All mothers showed a strong inclination to Power chakra qualities, but three types of mothers emerged:
The Lifeline Seeker: she has given up hopes of the husband improving their lives and is totally dependant on the child to rise to glorious levels and rescue her; looking for insurance and security, she will do everything she can to help them in this journey, but is clearly establishing her rights to the fruits of this labour.
The Coronation Seekers: she is hoping her child’s achievements will bring her out of a life of oblivion and bestow on her a halo for greater social conquest… the child is an opportunity to make an overwhelming statement about herself.
The Independence Seeker: her striving to excel in the mother role is geared to fostering independence and self-reliance in her child, so that she will have the freedom and space for her own pursuits; motherhood enhances her efficiency and gives her exposure that helps her discover unexplored facets of herself.

The implication for brands is that:
*brands need not necessarily choose between mother or child as target but could talk to the duo; *must reflect the new sets of motherhood values and attitudes;
*need to find a role in the shared vision and future that they are chasing;
*salute the mother, Maa thujhe salaam for a new set of reasons;
*connect with the philosophy of effort and determination that she is trying to instill;
*focus on the 15 Chakra payoffs that children chose from the battery of 60 fundamental payoffs; *draw from the mothers’ behaviour codes across the seven chakras that the study has identified.

While the study focused on mothers, it has revealed three types of fathers too – according to the mothers!

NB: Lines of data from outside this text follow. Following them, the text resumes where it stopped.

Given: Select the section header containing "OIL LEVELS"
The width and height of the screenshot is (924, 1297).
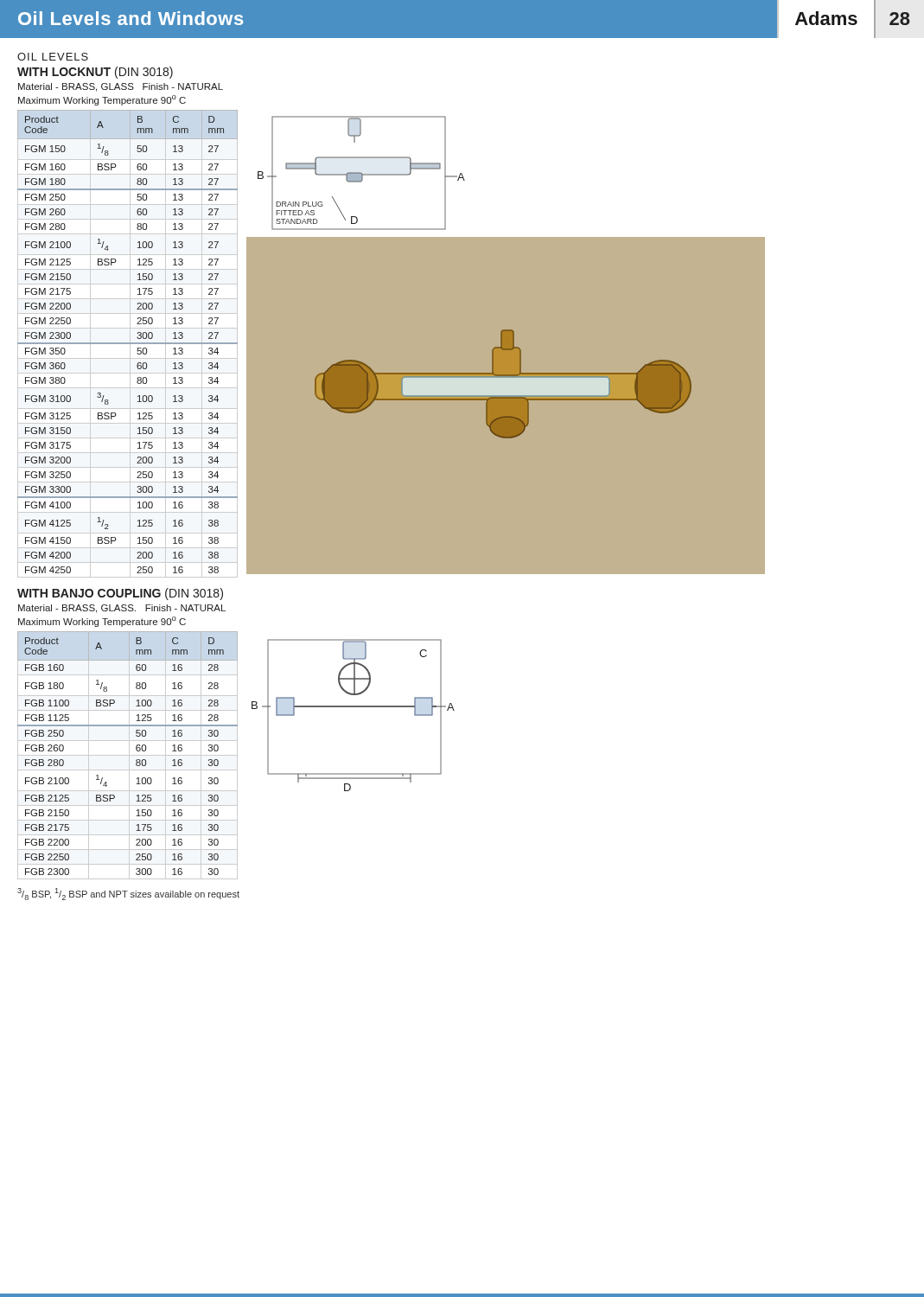Looking at the screenshot, I should pos(53,57).
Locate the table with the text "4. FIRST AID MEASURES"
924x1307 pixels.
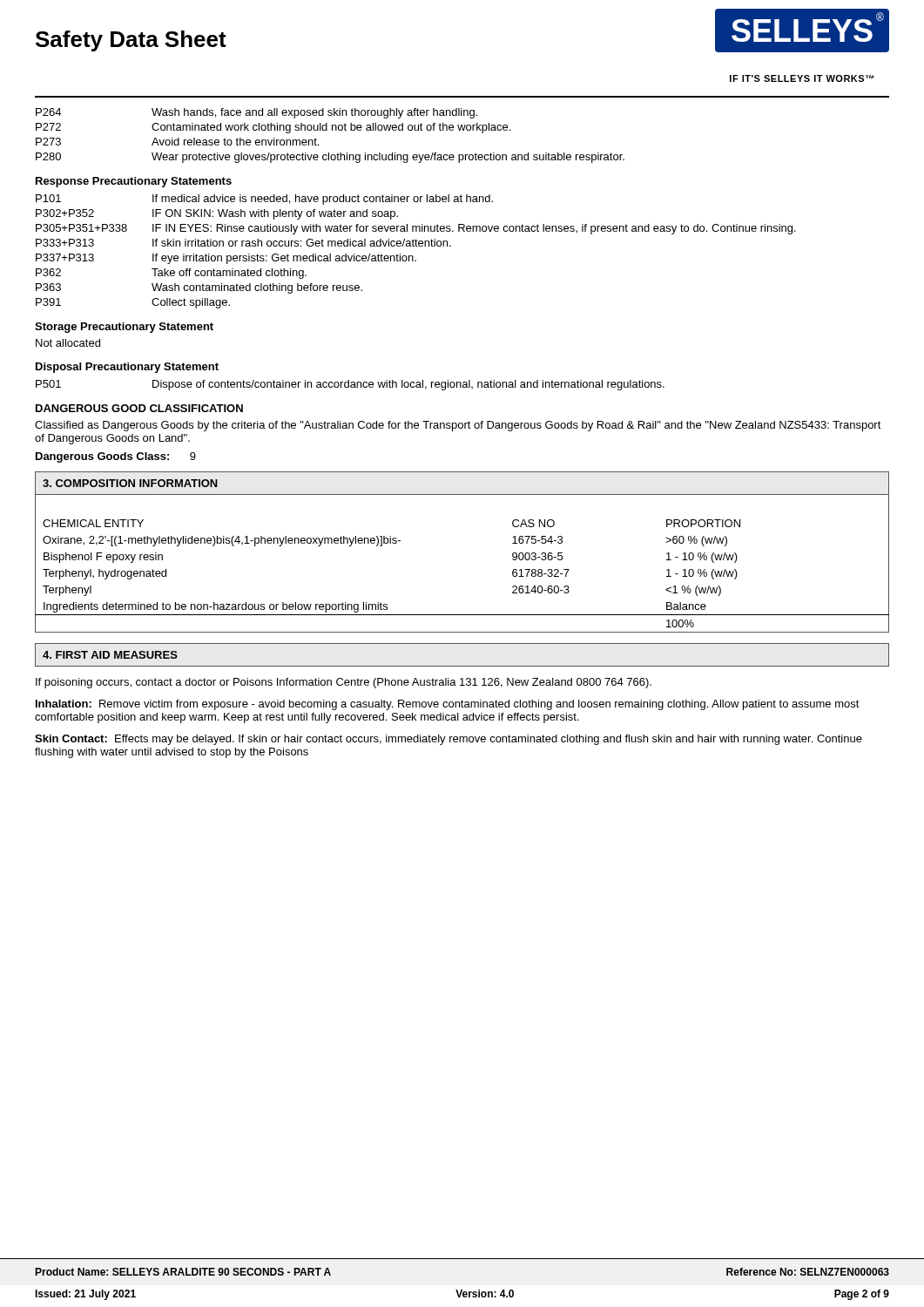(x=462, y=655)
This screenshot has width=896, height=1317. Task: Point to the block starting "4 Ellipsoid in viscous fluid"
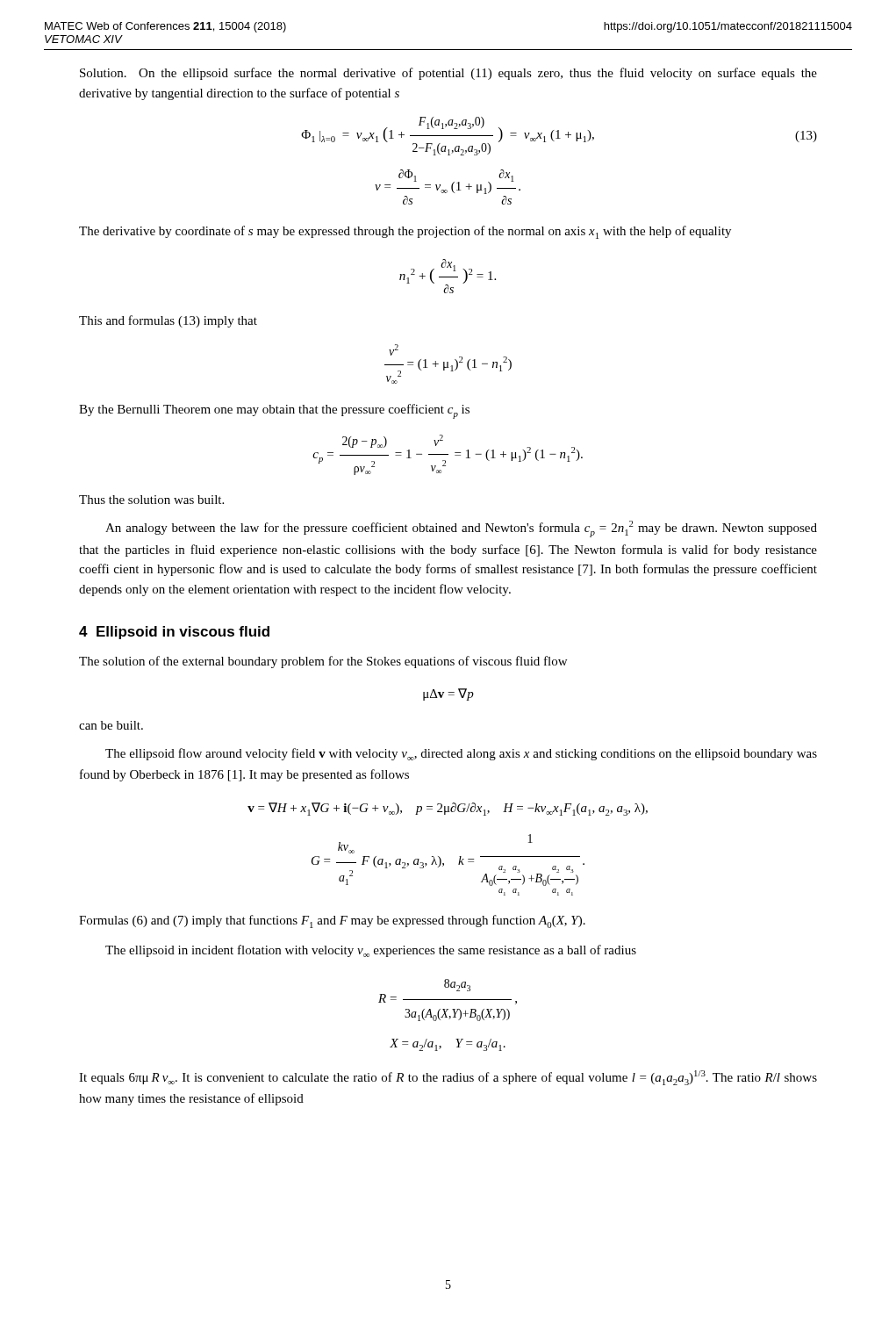[x=175, y=632]
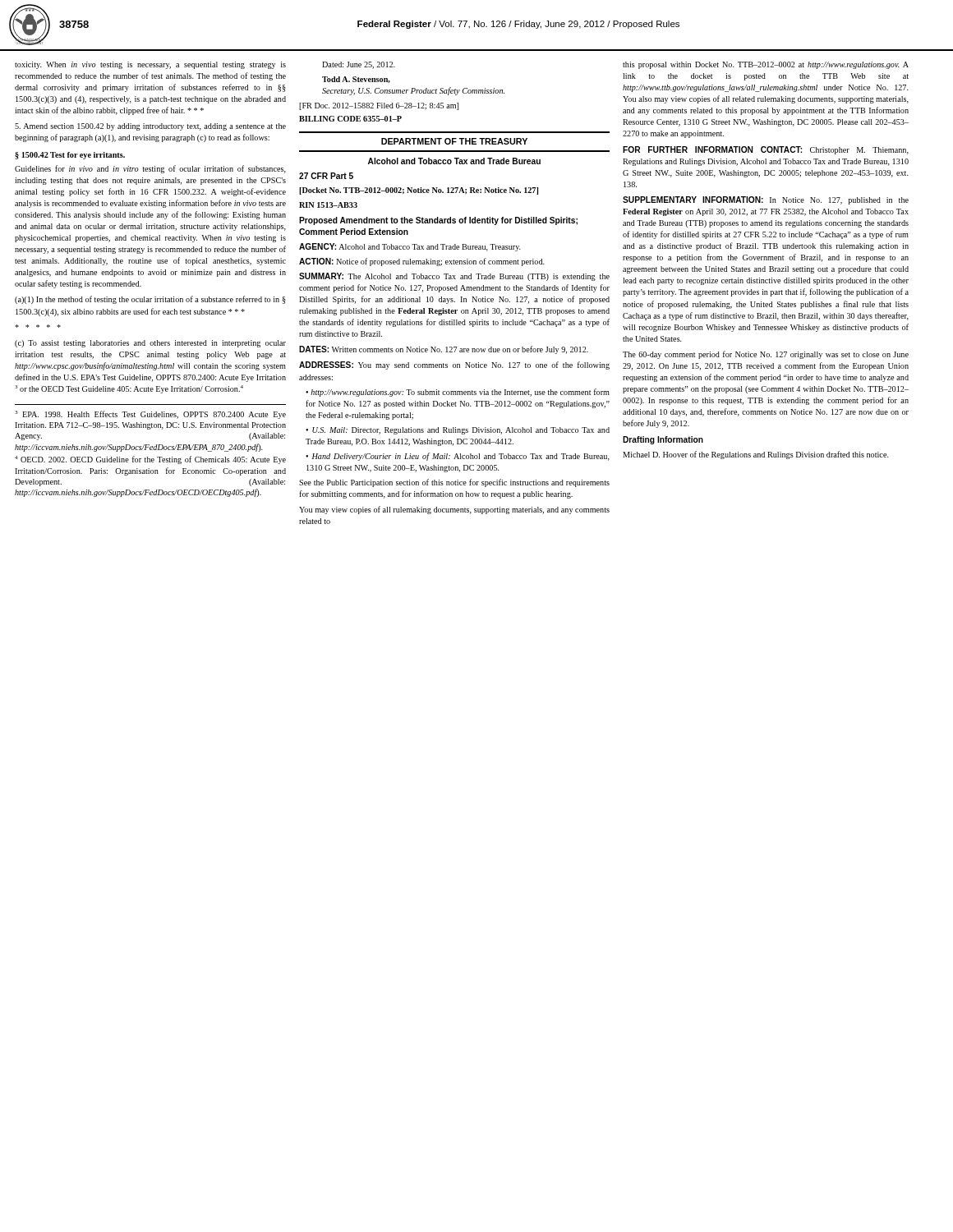Point to the block beginning "[Docket No. TTB–2012–0002; Notice No. 127A; Re: Notice"
This screenshot has width=953, height=1232.
[x=419, y=191]
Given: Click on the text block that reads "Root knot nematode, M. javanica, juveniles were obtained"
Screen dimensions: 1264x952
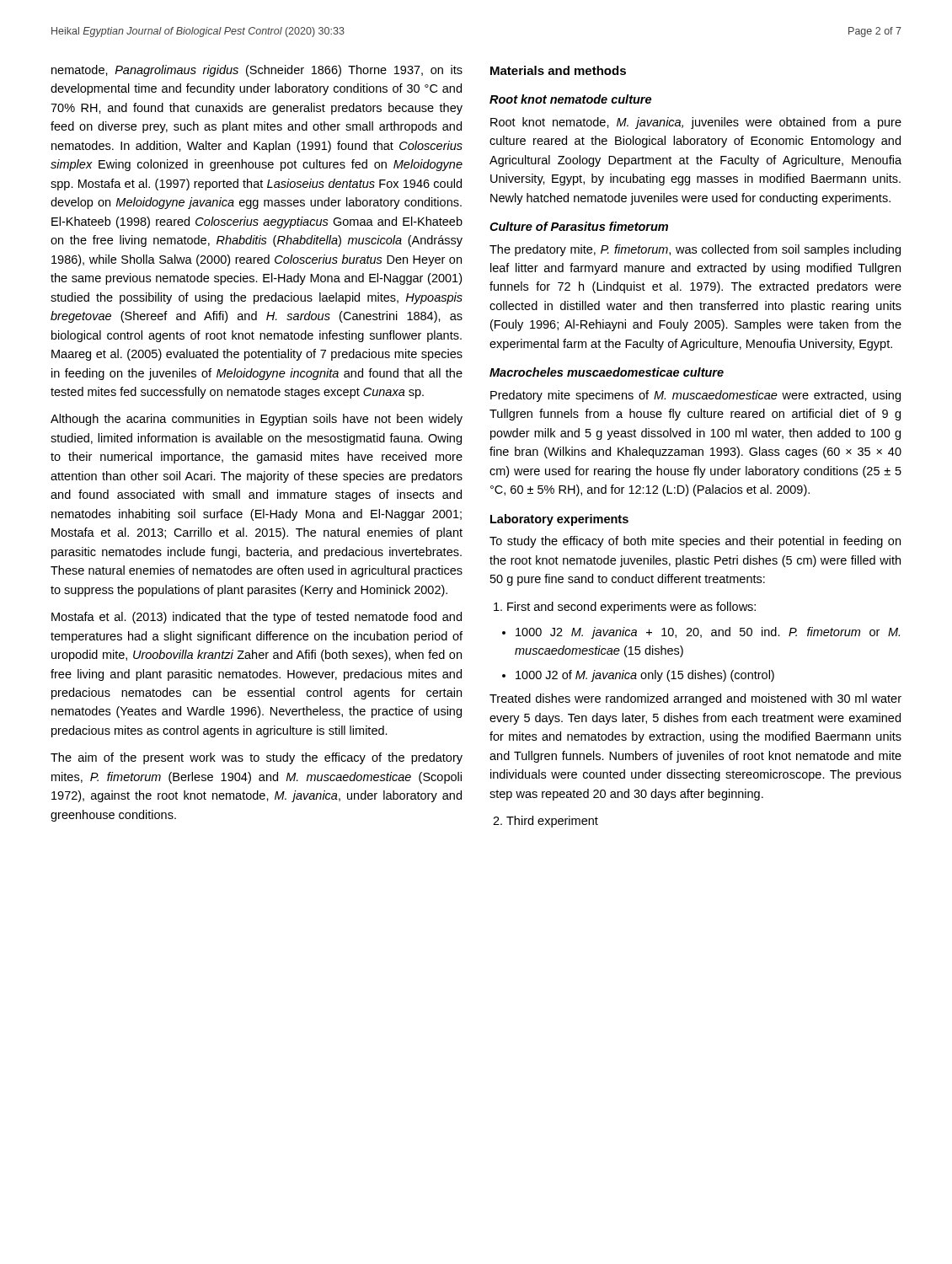Looking at the screenshot, I should pos(695,160).

The Genuine Partner: who tries to play a synergistic role willingly taking up activities which are beyond the mother’s competence;
The Conveniently Detached: who is taking it easy, capitalizing on the mother’s high involvement and taking up the provider stance to negate criticism of his lack of involvement; and
The Cynically Detached: who disagrees with the approach, perceives the mother as crossing the line and fostering too much dependance, and feels children need a more hands-off approach.

Brand Chakras™ is the first Indian strategic planning tool that applies the 2000 year old chakra system as laid out by Patanjali, to consumers and brands. This original system of understanding human behaviour based on the seven major nerve/energy centers in the human body has never been used in marketing, and is an initiative of Strategic Planning at JWT India. http://www.brandchakras.com/

For further information, write to Mythili.Chandrasekar@jwt.com


  1. The article is a Damn cool one. It has opened up lot of avenues for advertising. The research conducted has revealed that now mothers are not those strict hitlers but cool buddies who inspire their children. Lot of Brands like Clinic all clear cream have taken this across and shown mothers very very friendly with kids. I feel that Mothers have moved up in life lot more than the olden days and they have become best friends whom a kid can seek all the information in the world. The research also tells us how kids look at thier mothers nowadays. I can confidently say my Mom is my best friend than anybody else. Hope this is the same with most of them.

  2. sounds fascinating ; especially on the type of fathers ; I somehow think not too many studies focus on the Indian father. I am sure there is a paradigm shift in that too, what say ?
    Vanita , JWT Mumbai

  3. This is really too good. Did you plant a microphone in my house? It is so very true to the way I am bringing up my daughter. Especially the: obstacles are stepping stones in life, maintain good relationships with others, happy with herself and less jealous of others and a will to win.
    Oh it goes on and on!
    And the coronation seeker part - I am sure it is in the subconscious mind. I have taken a printout of the article on this in the ET today to show to my daghter.